Terry Pratchet, Carpe Jugulum

In The Language of Power, Rowan travels to the city of Donner to find out what happened when a previous wizard there died over 40 years before. She goes there on the slimmest of possible leads, but she thinks that the facts surrounding this wizard’s death could lead her to Slado, and thus potentially to the truth surrounding his plans to destroy the Outskirters.

At first, when she approaches the townsfolk of Donner, they’re hesitant, and she gets only cursory answers. But as she keeps tugging on different strings and taking part in town life, people open up to her. The more they open up to her, the more pieces she fits together, and with her uncanny powers of recall, she’s able to remember names and streets and events in a way that grudgingly gains the townpeople’s respect. But in between, she’s not too proud to shovel manure in an orchard, or sing a ballad in an inn, or express delight in a potter’s drawings and delicate teapots.

It is this simple pleasure that Rowan takes in the presence and skills of other people that saves her, time and time again. When the current wizard confronts the people of Donner at a local inn about the rumours that there’s been a steerswoman sticking her nose into his business, they keep her identity secret from him, even though both she and the wizard are in the same room while it’s happening.

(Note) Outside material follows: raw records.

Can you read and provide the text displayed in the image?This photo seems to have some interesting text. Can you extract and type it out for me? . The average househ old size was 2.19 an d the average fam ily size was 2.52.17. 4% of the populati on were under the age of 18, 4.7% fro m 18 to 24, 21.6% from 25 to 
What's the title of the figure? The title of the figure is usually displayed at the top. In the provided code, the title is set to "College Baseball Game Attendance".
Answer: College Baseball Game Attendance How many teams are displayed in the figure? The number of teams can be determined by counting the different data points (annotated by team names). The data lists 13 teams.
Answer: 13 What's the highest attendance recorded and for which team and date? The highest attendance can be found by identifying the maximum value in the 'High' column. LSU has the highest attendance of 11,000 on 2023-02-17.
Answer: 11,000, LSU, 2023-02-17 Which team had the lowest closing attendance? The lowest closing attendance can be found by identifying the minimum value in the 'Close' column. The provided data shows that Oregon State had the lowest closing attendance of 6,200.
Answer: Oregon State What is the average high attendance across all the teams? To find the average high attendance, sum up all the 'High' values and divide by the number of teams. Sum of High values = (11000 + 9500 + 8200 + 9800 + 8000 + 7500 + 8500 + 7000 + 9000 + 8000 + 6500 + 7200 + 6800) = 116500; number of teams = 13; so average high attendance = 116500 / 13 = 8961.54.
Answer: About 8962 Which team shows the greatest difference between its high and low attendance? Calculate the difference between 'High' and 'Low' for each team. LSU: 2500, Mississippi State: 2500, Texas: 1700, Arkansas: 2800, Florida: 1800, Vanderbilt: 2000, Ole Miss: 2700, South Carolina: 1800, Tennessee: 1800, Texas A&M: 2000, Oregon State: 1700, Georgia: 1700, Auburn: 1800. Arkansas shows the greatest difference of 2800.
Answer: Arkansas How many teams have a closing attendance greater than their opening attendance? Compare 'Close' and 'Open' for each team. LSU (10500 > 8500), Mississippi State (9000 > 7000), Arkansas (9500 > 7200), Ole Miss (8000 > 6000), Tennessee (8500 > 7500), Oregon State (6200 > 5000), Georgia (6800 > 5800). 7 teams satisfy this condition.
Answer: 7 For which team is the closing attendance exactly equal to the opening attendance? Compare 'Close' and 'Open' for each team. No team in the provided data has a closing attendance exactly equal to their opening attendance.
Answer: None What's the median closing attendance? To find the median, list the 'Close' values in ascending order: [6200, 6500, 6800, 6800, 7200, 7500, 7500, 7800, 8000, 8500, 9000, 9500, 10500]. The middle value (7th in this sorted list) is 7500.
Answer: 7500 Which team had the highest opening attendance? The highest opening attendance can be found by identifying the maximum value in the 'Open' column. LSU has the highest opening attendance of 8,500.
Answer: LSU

In the end, when Rowan and her allies learn more about wizardly machinations (in both the metaphorical and engineering sense), the town decides to help her out even further by engaging in a collective mission to make the next local wizard’s life a living hell. Even after losing friends, even after knowing what a threat Rowan is to their town, they decide to help her.

That’s the power of a social contract when everyone respects each other and values each other. And I really want to see more fantasy books that display that sort of communal thinking.